WTF is NoSQL? - atomos
https://wtfismyengineertalkingabout.com/2017/05/22/wtf-is-nosql/
======
tracker1
Quite possible the best NoSQL explanation articles I've seen. I usually
describe it as "A database that sacrifices or reduces one of the tenants of a
traditional SQL database for performance, availability and/or scale."

The harder part, is depending on your needs there are some ideal, and less
than ideal fits for many of the options. As to one adjustment, I would
consider DynamoDB closer to a column/bigtable store more than a key/value
store.

Personally, I tend to favor some of the nosql variants or regular SQL
depending on your needs. You _can_ handle some issues in other ways. Also, if
your db/system/site can be down for a few minutes for an upgrade/migration,
then it's less of an issue, until it isn't.

In the beginning, developer time/comfort can and should account for a lot...
as should insourcing and outsourcing and knowing your market, audience and
potential needs. There are plenty of use cases that absolutely do _NOT_ need
to scale beyond a hundred users or so.

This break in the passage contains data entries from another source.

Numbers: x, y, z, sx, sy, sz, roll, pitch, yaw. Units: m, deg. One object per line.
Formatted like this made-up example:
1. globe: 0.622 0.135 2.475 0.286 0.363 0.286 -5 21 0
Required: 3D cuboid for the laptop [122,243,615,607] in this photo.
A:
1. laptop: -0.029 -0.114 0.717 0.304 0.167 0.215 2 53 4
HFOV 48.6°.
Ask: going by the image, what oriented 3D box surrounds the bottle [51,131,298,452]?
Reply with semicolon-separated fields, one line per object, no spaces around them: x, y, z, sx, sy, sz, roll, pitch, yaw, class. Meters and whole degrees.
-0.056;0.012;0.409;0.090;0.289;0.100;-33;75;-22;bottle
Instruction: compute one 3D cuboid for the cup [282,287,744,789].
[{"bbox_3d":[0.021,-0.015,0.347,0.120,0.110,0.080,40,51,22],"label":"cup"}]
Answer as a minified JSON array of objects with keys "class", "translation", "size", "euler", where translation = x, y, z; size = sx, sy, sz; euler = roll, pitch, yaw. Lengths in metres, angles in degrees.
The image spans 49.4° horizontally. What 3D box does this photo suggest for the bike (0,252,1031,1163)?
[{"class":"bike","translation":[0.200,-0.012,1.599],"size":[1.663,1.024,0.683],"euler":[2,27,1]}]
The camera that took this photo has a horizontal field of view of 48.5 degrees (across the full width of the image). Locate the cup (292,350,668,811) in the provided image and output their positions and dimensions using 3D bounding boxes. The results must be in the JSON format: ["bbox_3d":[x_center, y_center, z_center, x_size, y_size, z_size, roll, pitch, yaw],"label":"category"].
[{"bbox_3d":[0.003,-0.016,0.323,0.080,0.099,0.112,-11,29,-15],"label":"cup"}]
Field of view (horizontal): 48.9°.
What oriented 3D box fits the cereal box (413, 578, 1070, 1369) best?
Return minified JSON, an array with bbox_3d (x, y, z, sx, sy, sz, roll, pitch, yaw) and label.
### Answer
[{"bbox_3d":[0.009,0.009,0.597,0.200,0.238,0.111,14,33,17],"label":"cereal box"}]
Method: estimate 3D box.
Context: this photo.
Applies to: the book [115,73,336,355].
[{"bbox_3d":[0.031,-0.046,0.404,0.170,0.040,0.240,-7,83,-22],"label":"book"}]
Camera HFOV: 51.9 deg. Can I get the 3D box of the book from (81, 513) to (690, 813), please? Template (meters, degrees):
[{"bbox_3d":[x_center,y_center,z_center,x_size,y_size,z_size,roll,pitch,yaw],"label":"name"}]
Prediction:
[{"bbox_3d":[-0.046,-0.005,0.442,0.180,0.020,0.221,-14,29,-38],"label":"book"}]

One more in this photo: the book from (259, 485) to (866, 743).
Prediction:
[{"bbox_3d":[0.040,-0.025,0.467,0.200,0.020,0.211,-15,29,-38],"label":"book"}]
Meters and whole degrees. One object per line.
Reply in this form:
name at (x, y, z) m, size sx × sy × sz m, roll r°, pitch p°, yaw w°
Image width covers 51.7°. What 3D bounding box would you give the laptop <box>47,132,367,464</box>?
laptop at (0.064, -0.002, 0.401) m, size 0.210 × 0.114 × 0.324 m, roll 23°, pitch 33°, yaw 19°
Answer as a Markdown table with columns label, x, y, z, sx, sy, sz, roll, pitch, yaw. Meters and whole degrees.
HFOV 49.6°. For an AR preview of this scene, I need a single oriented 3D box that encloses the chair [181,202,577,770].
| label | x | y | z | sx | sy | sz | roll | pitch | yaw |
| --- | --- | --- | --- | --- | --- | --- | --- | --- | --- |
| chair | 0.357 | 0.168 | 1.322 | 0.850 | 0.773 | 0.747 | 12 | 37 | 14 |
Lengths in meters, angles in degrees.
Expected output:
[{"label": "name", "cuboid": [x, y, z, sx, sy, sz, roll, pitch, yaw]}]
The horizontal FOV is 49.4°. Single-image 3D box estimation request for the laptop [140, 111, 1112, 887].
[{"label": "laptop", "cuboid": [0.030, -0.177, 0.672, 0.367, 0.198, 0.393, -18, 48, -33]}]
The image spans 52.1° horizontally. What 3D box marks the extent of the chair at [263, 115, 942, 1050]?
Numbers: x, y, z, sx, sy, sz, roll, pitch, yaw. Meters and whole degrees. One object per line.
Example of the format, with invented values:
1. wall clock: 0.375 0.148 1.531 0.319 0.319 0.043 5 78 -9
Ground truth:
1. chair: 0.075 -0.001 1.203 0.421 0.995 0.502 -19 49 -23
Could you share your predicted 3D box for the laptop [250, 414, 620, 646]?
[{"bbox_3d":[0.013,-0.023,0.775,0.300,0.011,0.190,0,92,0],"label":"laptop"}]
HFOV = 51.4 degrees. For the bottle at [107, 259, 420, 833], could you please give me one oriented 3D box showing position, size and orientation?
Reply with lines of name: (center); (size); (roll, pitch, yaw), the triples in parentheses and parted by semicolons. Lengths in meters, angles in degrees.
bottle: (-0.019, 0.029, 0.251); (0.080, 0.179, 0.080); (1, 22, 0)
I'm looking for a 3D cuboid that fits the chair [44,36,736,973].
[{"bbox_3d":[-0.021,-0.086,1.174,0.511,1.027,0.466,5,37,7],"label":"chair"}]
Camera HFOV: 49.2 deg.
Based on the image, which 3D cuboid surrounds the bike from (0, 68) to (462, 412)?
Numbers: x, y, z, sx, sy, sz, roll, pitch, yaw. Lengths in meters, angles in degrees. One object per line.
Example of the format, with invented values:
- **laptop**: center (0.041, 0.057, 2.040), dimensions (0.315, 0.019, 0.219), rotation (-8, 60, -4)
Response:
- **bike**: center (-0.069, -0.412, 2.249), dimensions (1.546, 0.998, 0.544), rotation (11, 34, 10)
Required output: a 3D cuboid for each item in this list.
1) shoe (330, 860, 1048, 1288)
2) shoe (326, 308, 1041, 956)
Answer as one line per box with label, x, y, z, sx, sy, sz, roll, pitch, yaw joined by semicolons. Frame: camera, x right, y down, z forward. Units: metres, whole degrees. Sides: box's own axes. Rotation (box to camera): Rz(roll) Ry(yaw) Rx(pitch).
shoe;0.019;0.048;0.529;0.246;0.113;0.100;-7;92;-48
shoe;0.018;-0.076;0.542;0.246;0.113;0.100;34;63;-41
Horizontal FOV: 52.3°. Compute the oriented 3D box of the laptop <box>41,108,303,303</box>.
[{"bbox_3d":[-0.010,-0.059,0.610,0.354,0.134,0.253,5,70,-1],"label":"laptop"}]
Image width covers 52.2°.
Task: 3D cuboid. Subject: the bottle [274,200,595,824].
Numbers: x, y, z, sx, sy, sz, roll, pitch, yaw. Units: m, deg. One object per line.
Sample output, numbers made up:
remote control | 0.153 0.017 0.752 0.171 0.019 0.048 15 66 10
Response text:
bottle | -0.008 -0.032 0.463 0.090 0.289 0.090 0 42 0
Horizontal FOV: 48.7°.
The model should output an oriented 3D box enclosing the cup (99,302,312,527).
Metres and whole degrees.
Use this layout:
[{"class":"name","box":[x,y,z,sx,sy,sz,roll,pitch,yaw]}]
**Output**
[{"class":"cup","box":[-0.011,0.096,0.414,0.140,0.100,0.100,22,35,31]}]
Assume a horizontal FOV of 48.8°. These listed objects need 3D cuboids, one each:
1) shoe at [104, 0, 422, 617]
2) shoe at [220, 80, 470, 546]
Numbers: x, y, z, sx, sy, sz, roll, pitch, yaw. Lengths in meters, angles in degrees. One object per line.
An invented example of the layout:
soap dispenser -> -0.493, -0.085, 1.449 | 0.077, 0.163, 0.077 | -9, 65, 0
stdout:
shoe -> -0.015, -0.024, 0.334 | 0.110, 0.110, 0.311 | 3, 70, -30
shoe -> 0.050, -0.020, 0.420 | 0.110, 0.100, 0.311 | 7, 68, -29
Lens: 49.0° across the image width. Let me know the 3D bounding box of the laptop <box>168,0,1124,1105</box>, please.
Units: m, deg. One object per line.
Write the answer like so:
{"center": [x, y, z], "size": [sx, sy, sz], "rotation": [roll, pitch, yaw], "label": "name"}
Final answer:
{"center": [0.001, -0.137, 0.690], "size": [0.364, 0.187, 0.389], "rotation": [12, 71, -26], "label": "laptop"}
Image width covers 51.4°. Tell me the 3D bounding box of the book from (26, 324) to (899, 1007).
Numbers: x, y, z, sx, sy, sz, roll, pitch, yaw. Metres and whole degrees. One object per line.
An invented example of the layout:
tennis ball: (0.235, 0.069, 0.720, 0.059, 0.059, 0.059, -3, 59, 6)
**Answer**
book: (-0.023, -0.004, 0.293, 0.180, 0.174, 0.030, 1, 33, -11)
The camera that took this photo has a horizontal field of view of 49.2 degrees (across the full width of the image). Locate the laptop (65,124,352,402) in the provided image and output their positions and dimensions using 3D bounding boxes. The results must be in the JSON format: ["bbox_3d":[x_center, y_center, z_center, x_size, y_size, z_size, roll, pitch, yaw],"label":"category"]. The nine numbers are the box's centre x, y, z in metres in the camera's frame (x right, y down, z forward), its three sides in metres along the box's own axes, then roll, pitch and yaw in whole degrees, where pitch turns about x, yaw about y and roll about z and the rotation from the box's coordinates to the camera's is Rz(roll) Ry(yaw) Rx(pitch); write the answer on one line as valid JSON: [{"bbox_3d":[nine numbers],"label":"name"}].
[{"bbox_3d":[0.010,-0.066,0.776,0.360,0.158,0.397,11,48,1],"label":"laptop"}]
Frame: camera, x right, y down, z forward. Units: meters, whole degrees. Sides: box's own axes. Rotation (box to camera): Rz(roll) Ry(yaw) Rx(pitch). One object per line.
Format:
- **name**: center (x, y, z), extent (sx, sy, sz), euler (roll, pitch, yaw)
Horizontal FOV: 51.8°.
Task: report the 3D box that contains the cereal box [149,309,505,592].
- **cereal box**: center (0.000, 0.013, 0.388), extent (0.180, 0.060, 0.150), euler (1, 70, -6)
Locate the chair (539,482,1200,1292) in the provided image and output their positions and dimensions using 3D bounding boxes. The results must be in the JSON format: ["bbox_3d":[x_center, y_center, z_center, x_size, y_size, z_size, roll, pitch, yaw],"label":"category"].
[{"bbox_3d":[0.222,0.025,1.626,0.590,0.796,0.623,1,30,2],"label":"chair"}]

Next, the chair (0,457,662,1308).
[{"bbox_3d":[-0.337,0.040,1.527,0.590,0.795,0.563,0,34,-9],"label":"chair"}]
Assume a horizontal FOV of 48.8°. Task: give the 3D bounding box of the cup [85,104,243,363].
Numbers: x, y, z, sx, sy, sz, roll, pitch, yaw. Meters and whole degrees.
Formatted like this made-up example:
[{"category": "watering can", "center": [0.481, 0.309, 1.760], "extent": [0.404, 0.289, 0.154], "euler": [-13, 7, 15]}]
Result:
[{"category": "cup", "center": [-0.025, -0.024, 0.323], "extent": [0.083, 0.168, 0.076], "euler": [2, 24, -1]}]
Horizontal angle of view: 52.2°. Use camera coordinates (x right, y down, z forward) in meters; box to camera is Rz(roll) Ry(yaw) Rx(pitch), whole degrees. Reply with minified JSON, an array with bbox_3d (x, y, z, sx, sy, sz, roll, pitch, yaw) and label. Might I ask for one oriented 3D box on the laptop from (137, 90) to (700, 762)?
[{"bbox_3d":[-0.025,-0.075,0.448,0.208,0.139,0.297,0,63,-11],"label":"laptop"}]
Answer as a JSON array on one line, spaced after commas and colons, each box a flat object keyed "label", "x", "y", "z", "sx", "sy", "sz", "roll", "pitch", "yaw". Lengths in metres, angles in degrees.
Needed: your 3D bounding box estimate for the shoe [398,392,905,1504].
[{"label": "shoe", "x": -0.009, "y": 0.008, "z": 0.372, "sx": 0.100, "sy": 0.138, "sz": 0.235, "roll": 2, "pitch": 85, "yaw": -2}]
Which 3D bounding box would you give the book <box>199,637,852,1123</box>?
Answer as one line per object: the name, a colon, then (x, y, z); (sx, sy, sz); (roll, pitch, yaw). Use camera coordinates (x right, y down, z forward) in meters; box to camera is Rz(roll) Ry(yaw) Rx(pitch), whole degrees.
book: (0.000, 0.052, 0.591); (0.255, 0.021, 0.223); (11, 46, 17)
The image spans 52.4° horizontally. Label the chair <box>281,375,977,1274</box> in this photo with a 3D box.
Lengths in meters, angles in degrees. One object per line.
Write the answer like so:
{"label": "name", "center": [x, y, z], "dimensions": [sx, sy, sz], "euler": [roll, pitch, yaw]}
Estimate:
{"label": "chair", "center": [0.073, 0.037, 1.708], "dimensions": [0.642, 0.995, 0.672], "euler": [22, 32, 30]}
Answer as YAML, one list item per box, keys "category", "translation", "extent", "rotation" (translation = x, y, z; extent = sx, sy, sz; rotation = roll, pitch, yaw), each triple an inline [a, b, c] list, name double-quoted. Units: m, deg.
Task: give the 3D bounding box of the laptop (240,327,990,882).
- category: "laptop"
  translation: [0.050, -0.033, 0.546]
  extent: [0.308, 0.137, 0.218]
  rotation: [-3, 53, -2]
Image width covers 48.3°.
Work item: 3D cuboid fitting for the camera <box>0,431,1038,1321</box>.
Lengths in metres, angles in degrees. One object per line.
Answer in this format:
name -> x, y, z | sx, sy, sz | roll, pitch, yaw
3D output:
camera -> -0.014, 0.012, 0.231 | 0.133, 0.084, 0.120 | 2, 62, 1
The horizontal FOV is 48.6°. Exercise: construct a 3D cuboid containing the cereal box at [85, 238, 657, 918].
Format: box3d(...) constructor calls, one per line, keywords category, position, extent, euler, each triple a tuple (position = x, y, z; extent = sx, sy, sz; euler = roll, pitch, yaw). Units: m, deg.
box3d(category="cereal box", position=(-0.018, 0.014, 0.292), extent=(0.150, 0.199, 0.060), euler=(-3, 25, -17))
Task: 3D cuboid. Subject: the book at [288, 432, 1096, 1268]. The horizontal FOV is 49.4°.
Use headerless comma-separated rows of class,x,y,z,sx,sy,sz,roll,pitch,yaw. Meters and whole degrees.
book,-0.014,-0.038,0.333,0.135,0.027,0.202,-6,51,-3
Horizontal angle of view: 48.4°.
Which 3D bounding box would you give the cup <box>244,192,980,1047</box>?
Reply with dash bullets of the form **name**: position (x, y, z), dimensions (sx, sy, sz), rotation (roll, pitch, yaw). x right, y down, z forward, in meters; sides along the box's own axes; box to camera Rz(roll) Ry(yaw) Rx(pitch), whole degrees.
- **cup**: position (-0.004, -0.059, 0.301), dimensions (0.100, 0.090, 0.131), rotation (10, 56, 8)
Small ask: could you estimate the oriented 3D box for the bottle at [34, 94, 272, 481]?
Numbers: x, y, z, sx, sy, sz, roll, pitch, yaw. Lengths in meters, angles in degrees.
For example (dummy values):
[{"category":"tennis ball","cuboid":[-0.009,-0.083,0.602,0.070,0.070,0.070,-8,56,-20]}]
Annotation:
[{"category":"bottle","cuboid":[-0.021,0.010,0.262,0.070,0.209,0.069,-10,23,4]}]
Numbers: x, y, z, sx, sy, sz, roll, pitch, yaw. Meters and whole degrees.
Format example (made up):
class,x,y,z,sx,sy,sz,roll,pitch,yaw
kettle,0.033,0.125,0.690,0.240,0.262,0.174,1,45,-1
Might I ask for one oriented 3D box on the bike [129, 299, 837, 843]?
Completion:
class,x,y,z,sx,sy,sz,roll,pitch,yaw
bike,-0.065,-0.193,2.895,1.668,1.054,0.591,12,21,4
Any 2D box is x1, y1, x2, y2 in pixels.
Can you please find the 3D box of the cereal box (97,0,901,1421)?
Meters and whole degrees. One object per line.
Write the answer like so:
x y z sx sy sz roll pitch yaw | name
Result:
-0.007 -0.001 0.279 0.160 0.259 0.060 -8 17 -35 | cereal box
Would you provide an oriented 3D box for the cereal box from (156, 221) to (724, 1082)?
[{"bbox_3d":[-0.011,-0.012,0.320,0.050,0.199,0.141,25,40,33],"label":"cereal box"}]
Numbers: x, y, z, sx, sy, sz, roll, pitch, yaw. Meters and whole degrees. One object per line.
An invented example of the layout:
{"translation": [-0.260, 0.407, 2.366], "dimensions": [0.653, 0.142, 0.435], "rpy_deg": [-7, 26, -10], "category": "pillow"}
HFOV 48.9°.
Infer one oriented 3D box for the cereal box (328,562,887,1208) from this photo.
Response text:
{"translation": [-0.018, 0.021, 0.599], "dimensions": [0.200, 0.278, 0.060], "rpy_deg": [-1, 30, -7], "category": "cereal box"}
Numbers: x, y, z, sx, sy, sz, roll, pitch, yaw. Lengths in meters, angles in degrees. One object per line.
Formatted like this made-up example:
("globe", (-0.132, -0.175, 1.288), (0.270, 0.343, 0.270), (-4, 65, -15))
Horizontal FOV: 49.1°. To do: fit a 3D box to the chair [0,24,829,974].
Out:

There are others where you _must_ scale
to tens of thousands of requests per second and zero collective down time.

Of course, right now seeing the migration of a few problematic tables into
separate service implementations backed by DynamoDB (each major cloud provider
will have their own bigtable data solution), and it isn't always an easy
transition. The hardest part is selling to some of the upper management types
about eventual consistency and real-time enough.